D. Reidel
- Status: Defunct
- Successor: Kluwer Academic
- Country of origin: Netherlands
- Headquarters location: Dordrecht
- Publication types: Academic journals

= D. Reidel =

Dutch academic publishing company

D. Reidel was an academic publishing company based in Dordrecht established in the 1960s.

==History==
Reidel was established in the 1960s, with a focus on publishing research in physics. David Reidel himself had been trained under an ex-Elsevier manager, M. D. Frank, who considered third-generation Dutch publishers like Reidel to be the "grandchildren" of the German publishing company, Akademische Verlagsgesellschaft of Leipzig, where Frank himself was trained. "In the 1960s a mainly physics programme was established by D. Reidel Publishing Company in Dordrecht. Other players included Dr.
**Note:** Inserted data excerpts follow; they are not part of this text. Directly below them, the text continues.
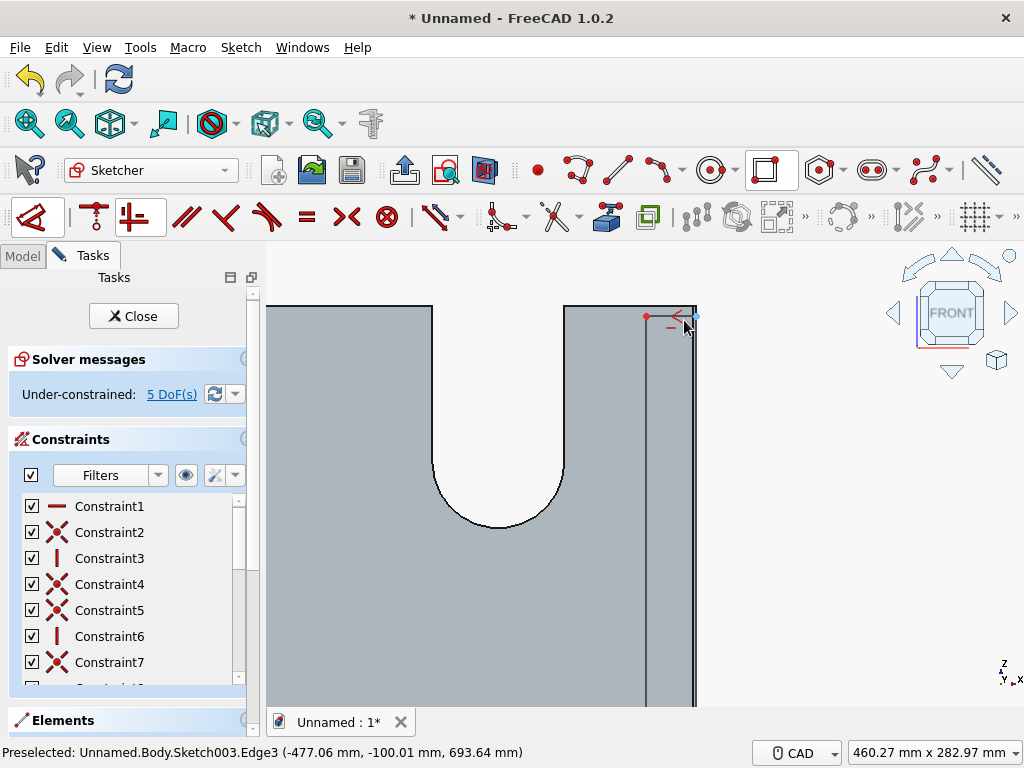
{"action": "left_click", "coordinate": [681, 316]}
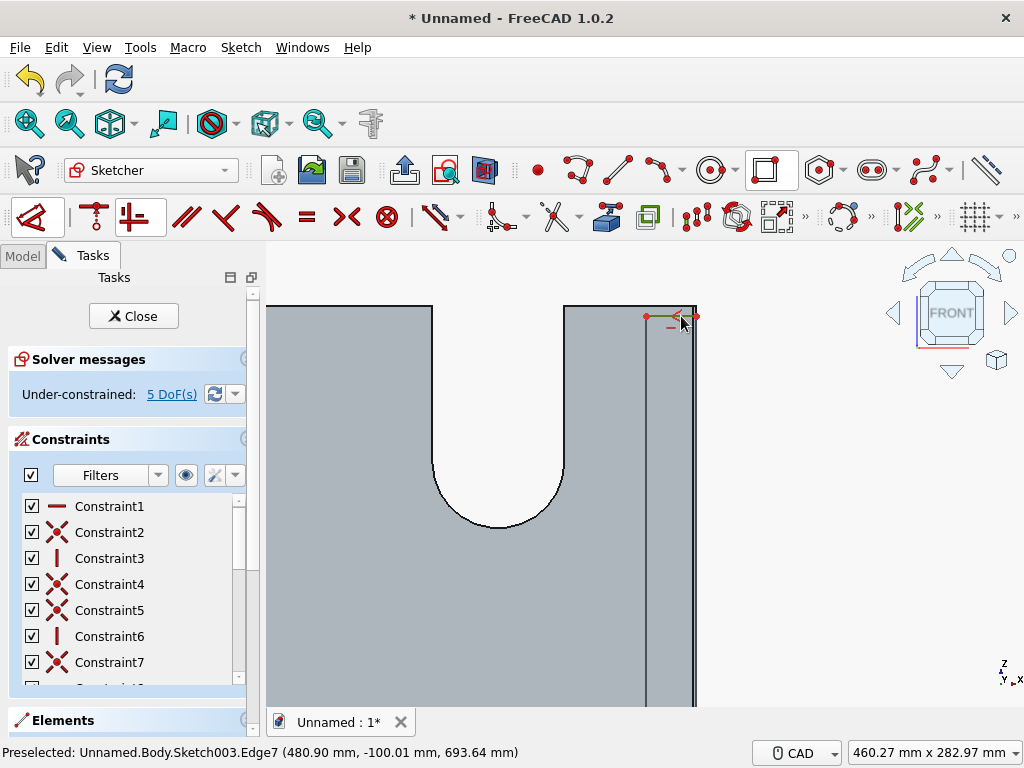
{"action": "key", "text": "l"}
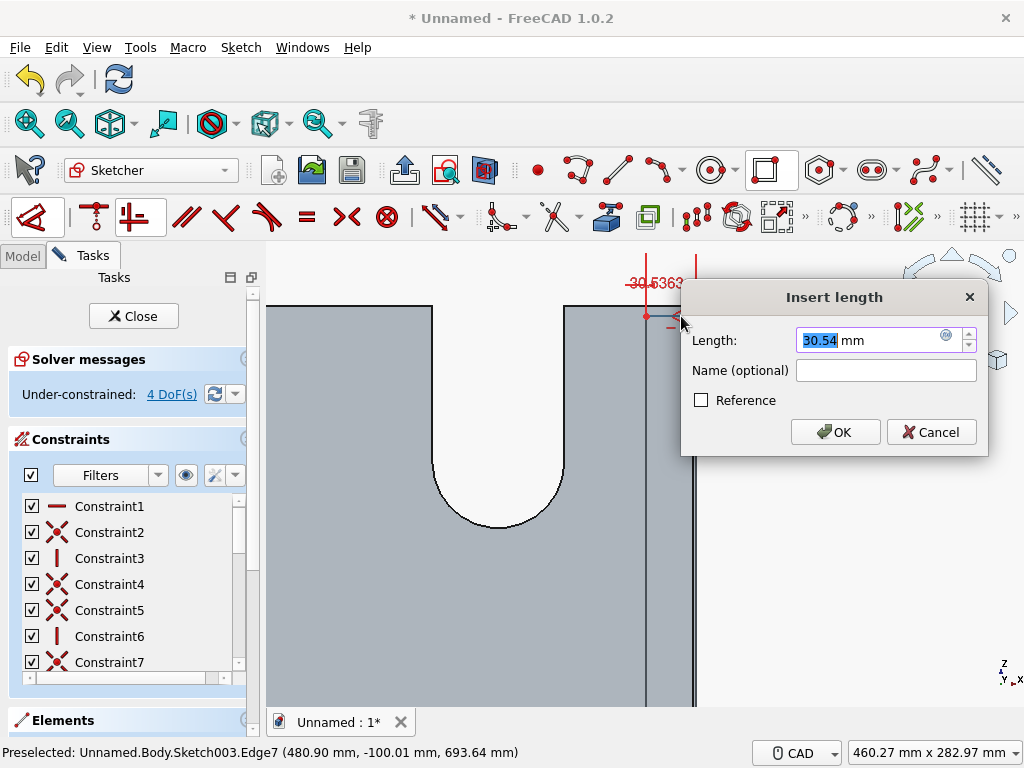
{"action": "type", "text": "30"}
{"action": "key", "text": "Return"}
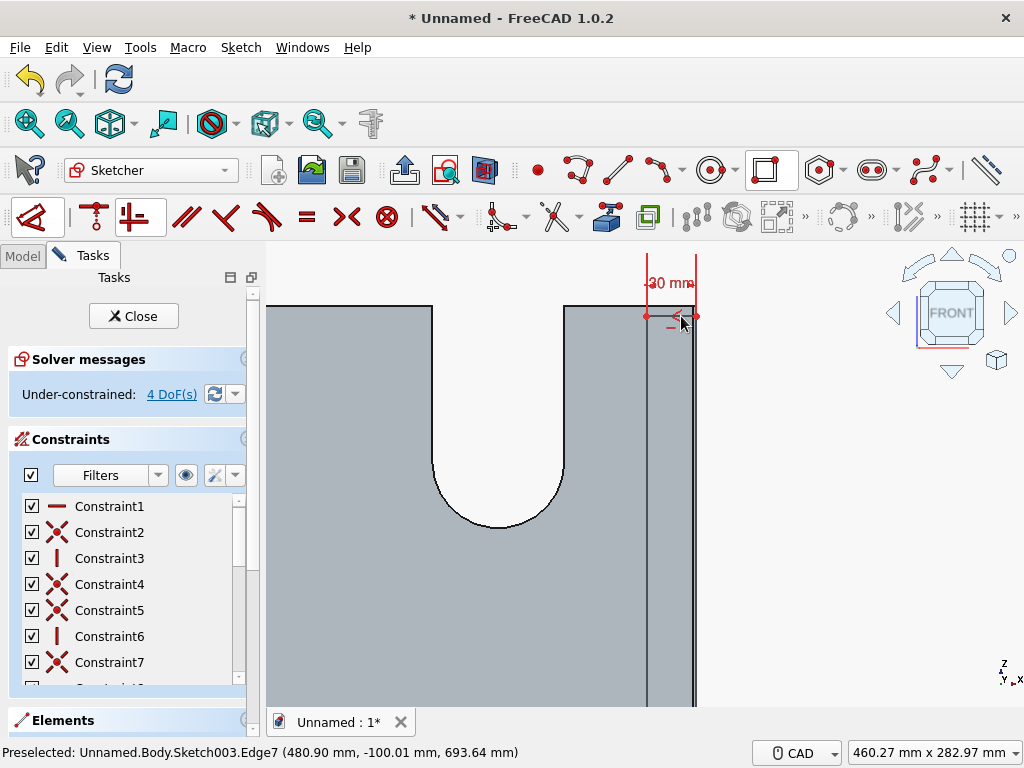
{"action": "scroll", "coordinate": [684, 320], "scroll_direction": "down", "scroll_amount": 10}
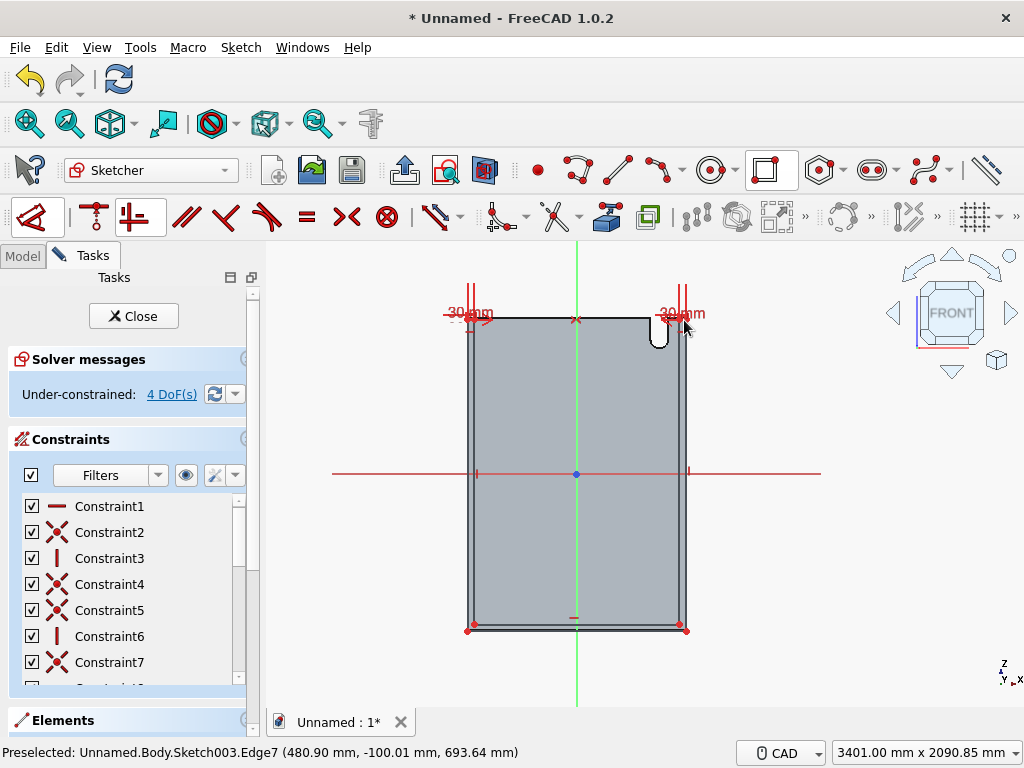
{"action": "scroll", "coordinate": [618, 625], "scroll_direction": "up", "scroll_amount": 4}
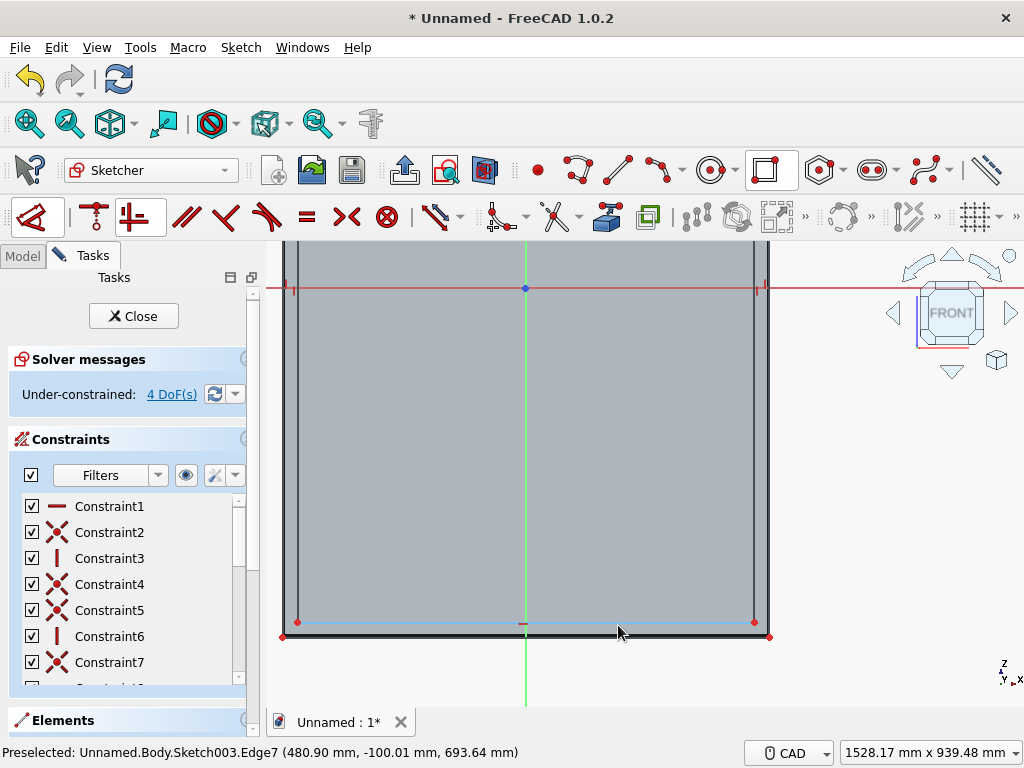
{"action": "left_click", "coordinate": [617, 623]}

W. Junk, P. Noordhoff and M. Nijhoff, who were all to become part of a group that began in the 1970s and which resulted in the establishment of Kluwer Academic Publishers. Publishers like Reidel, trained by Frank – who in turn had had his training at Aka – were termed by Frank 'grandchildren of Aka.'"

In the 1990s Reidel joined with Kluwer as Kluwer/Reidel, in 2003 being purchased by Cinven and Candover. In spring 2004, Cinven and Candover purchased Springer, merging the operations of all the publishers into one conglomerate, Springer Science+Business Media, now "the second largest commercial scholarly publisher in the world" after Elsevier.

Aka had been co-founded by Walter Jalowicz (who changed his name to Johnson and later worked for Academic Press in New York) and his son-in-law K. Jacoby, together with the physicist (and spy) Paul Rosbaud (later of Butterworth), and chemist E. Proskauer (later vice-president of John Wiley & Sons).